Here, the complaint alleged in pertinent part: “12. Within twenty (20) days after [Paving] first furnished the labor, services and materials referenced herein, [Paving] served a Preliminary Twenty-Day Notice (Private Work) in accordance with the provisions of Section 3097 of the Civil Code by certified mail.” (Italics added.) Thus, Paving pled it served a preliminary notice under section 3097 (private work), rather than under section 3098 (public work).

On demurrer, Lincoln asserted, and the trial court found, the action was barred by Paving’s failure to give the required preliminary notice. We agree.

Paving contends its service of a preliminary 20-day notice pursuant to section 3097 (private work) substantially complied with section 3098 (public work), and it “therefore [was] not required to provide a [special] notice pursuant to [section 3252, subdivision (b)].” The argument is unavailing. The preliminary 20-day notice required by section 3098 (public work) requires written notice “to be given to the contractor, and the public agency concerned . . . .” (§ 3098, subd. (a), italics added.)

Here, Paving contends it served a preliminary 20-day notice on Moorpark, as the owner of the property and the surety’s principal. However, Paving did not allege it also served the public entity, i.e., the City, with a preliminary notice, which is what section 3098 requires.

Because Paving failed to allege it duly gave notice to the City in accordance with section 3098, subdivision (a), and Paving has eschewed any reliance on the alternative notice provision of section 3252, subdivision (b), Paving cannot maintain its action against Lincoln to recover on the payment bond on this public works project. (American Buildings Co. v. Bay Commercial Construction, Inc., supra, 99 Cal.App.4th at p. 1197.)

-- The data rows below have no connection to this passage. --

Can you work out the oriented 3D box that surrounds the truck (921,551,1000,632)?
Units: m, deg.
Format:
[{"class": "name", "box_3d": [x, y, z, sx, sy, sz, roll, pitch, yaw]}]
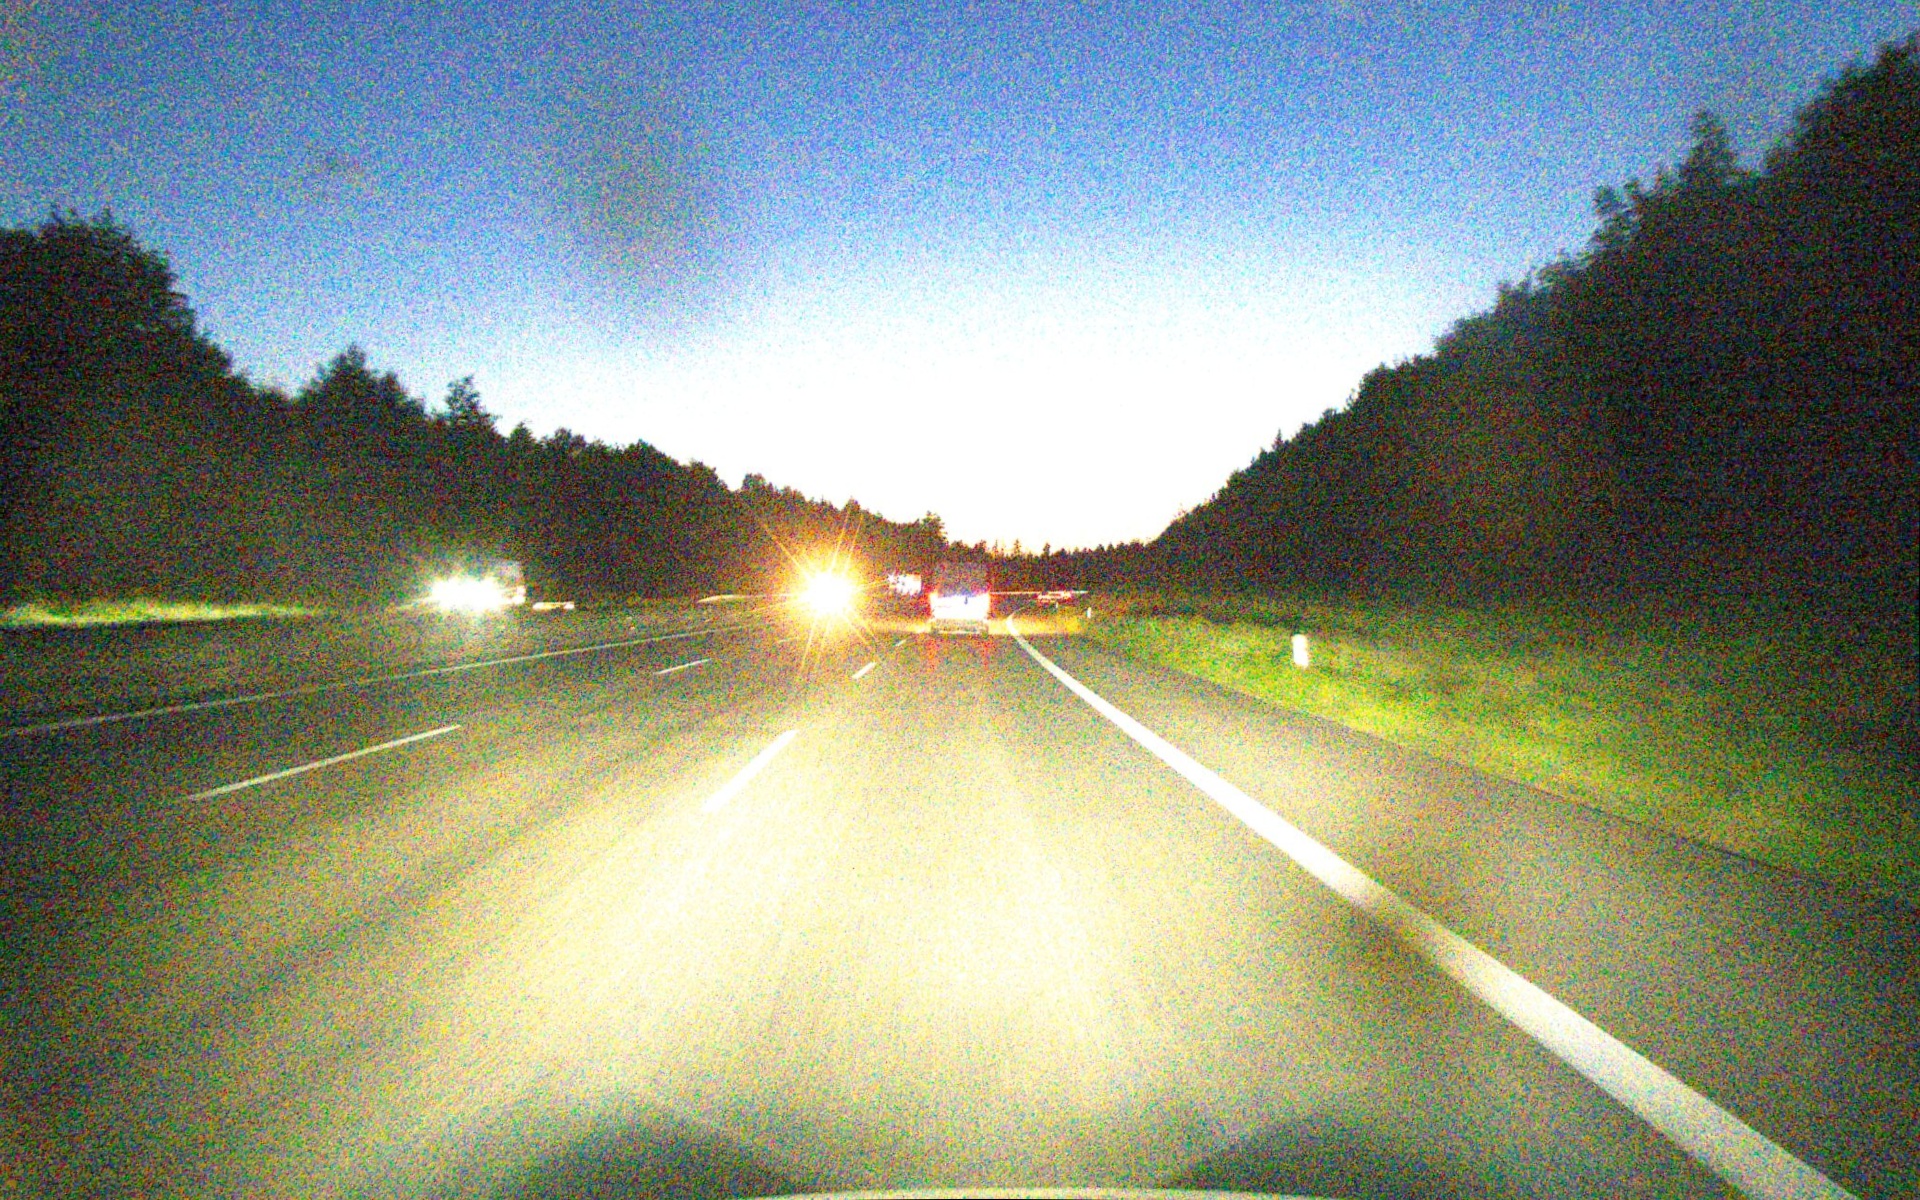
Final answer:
[{"class": "truck", "box_3d": [-0.082, -0.269, 59.712, 2.577, 2.670, 8.681, 1, 0, -2]}]

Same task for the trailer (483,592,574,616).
[{"class": "trailer", "box_3d": [-22.101, 0.219, 85.134, 2.365, 1.123, 8.078, 1, 0, 2]}]

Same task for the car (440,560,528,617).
[{"class": "car", "box_3d": [-22.369, -0.514, 77.988, 2.038, 2.531, 6.244, 1, 0, 2]}]

4. Remaining issues not reached.

In view of the above, it is unnecessary to address whether Paving’s lawsuit is barred by the limitations period of section 3249, or any other issues.

*47DISPOSITION

The judgment of dismissal is affirmed. The parties shall bear their respective costs on appeal.

Croskey, J., and Aldrich, J., concurred.

A petition for a rehearing was denied June 13, 2012.

All further statutory references are to the Civil Code, unless otherwise specified.

The facts are gleaned from the record.

Section 3252 states in pertinent part: “(a) ... in order to enforce a claim upon any payment bond given in connection with a public work, a claimant shall give the 20-day public *43work preliminary bond notice as provided in Section 3098. [f| (b) . . . if the 20-day public work preliminary bond notice was not given as provided in Section 3098, a claimant may enforce a claim by giving written notice to the surety and the bond principal as provided in Section 3227 within 15 days after recordation of a notice of completion. If no notice of completion has been recorded, the time for giving written notice to the surety and the bond principal is extended to 75 days after completion of the work of improvement.” (Italics added.)